Consider the listing below. Extract exactly the lines from the line containing "Please provide a" to the line containing "Indicate a few", both included.

**DATASET ENTRIES**

>>>

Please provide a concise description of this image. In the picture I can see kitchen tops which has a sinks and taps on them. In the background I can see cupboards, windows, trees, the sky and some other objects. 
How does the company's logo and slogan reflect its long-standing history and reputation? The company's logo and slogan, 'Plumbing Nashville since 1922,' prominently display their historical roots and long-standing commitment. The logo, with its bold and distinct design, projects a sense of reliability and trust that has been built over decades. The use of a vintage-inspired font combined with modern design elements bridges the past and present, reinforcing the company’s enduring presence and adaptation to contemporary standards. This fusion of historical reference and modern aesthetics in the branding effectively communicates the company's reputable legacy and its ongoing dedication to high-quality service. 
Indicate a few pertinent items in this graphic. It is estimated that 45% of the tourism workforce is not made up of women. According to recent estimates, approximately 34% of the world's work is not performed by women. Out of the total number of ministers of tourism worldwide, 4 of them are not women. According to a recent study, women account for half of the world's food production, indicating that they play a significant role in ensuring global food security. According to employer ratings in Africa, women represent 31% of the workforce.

<<<
>>>

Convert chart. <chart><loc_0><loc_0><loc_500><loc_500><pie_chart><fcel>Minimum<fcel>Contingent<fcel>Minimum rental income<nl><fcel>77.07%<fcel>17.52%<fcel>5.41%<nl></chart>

<<<
>>>

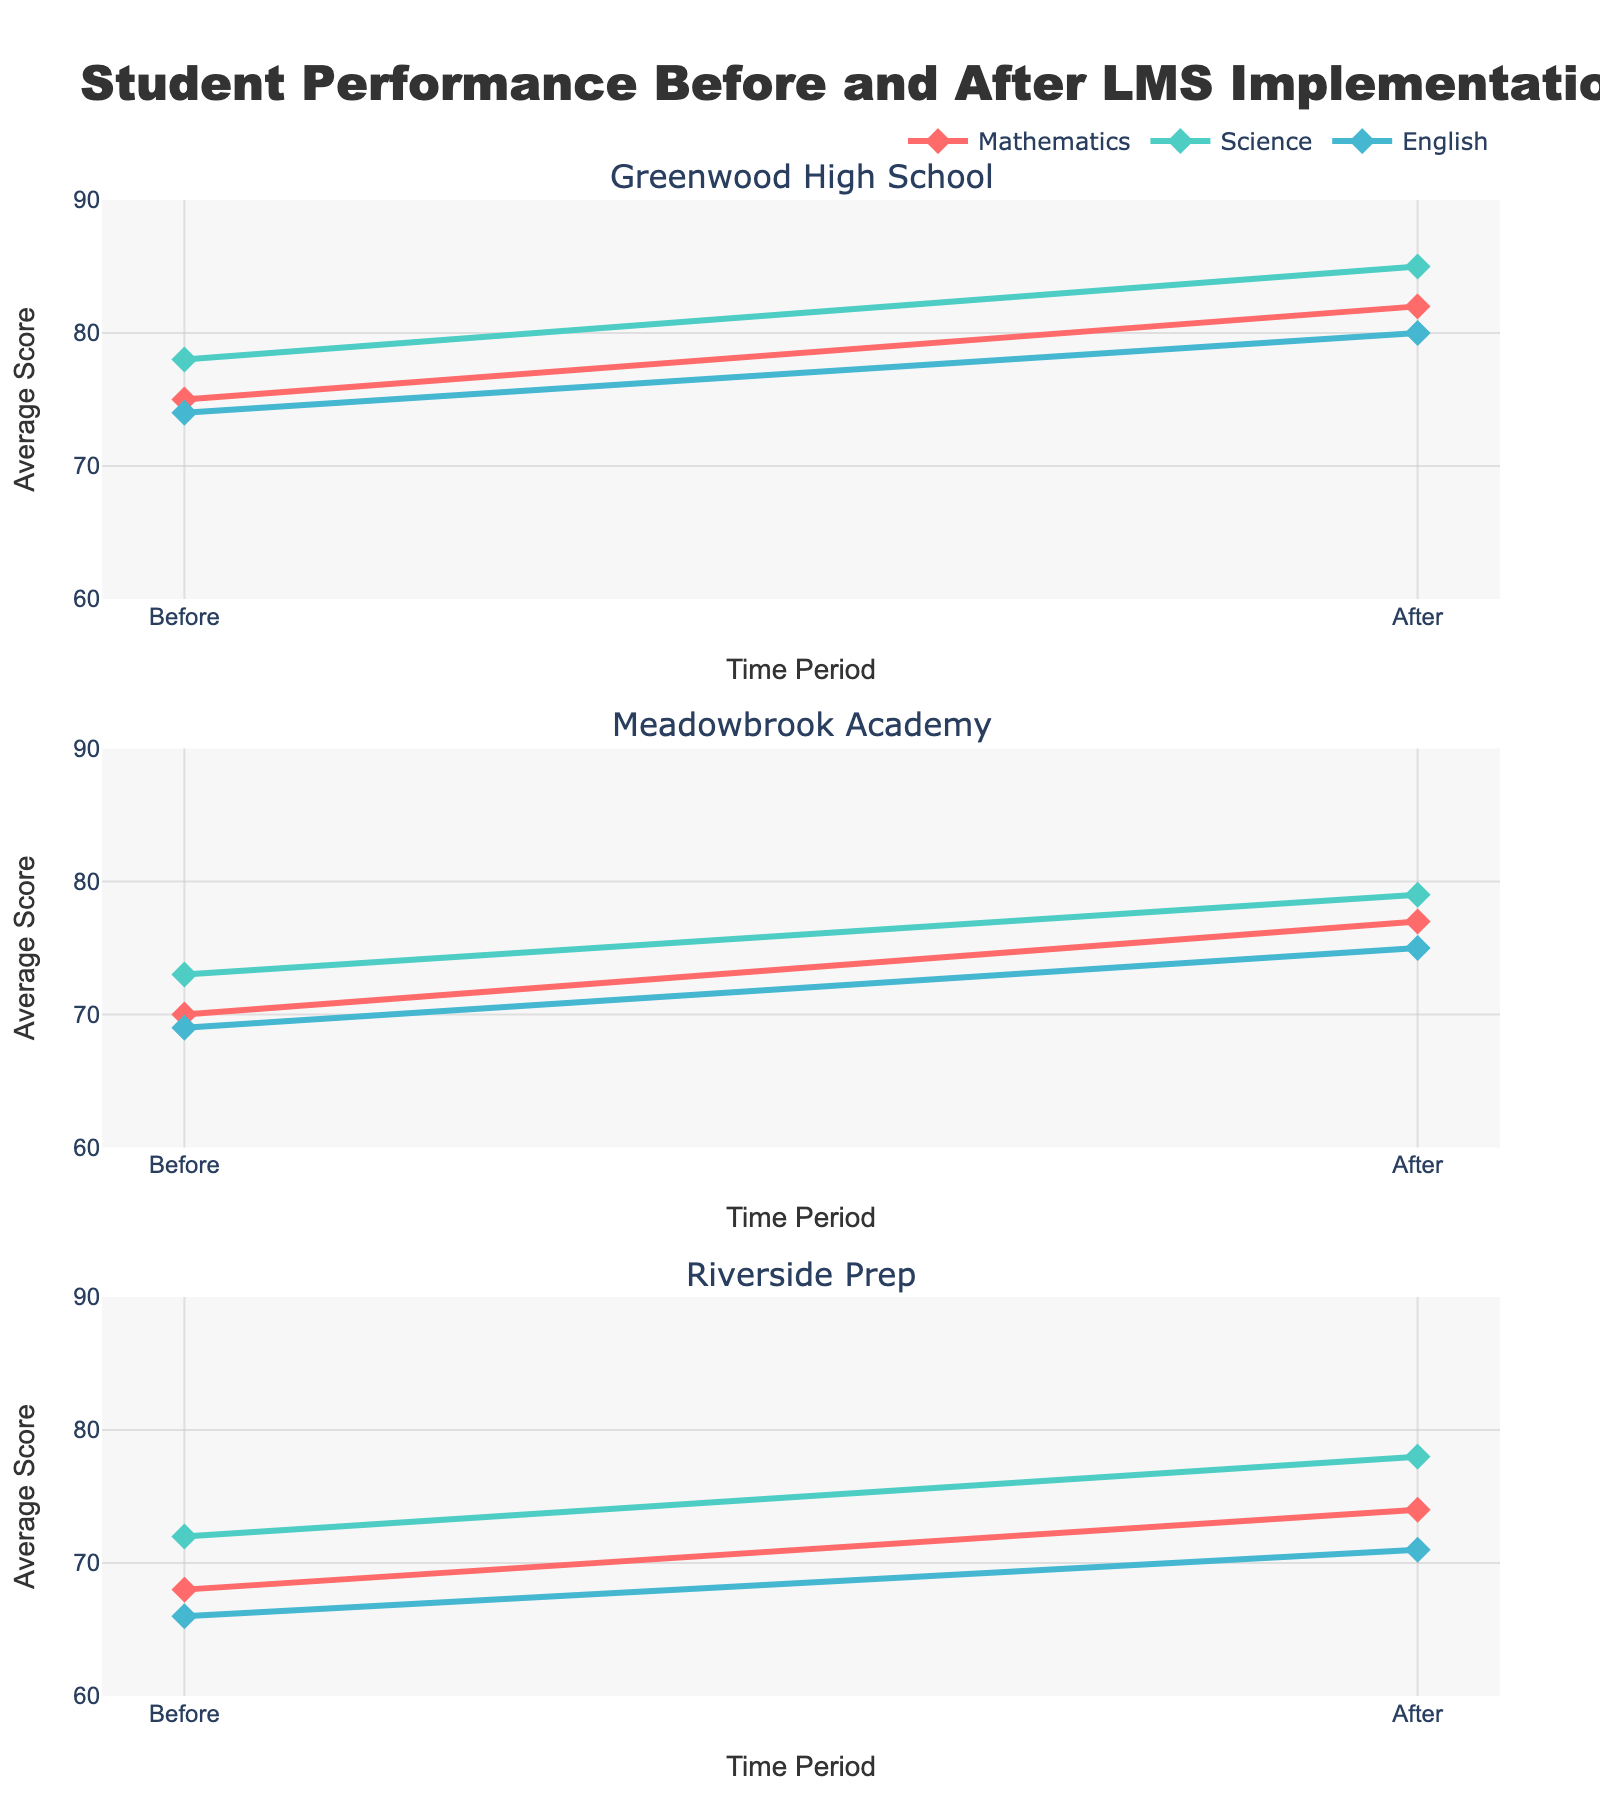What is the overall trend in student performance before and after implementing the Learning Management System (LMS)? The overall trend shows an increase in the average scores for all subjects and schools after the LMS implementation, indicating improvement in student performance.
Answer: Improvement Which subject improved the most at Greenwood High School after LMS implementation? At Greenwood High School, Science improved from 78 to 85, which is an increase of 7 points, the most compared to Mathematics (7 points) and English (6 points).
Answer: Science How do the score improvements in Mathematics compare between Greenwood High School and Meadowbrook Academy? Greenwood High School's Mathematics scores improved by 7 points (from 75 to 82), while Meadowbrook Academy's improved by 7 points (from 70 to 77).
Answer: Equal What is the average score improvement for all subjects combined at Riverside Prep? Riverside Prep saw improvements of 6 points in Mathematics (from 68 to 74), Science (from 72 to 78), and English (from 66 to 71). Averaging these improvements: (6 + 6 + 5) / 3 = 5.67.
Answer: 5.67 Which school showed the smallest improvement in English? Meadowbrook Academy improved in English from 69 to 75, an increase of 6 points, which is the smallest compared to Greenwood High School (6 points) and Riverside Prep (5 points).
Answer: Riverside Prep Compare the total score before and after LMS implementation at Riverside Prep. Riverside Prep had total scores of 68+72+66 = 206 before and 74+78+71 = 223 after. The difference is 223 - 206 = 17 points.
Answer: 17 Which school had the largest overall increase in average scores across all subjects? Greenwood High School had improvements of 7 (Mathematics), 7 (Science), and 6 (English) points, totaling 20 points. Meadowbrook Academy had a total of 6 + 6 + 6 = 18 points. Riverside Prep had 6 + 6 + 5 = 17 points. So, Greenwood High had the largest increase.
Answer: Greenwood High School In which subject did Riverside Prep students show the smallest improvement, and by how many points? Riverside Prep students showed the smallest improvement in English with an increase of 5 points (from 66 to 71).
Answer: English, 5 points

<<<

**RESULT FOR THIS TASK**
Please provide a concise description of this image. In the picture I can see kitchen tops which has a sinks and taps on them. In the background I can see cupboards, windows, trees, the sky and some other objects. 
How does the company's logo and slogan reflect its long-standing history and reputation? The company's logo and slogan, 'Plumbing Nashville since 1922,' prominently display their historical roots and long-standing commitment. The logo, with its bold and distinct design, projects a sense of reliability and trust that has been built over decades. The use of a vintage-inspired font combined with modern design elements bridges the past and present, reinforcing the company’s enduring presence and adaptation to contemporary standards. This fusion of historical reference and modern aesthetics in the branding effectively communicates the company's reputable legacy and its ongoing dedication to high-quality service. 
Indicate a few pertinent items in this graphic. It is estimated that 45% of the tourism workforce is not made up of women. According to recent estimates, approximately 34% of the world's work is not performed by women. Out of the total number of ministers of tourism worldwide, 4 of them are not women. According to a recent study, women account for half of the world's food production, indicating that they play a significant role in ensuring global food security. According to employer ratings in Africa, women represent 31% of the workforce.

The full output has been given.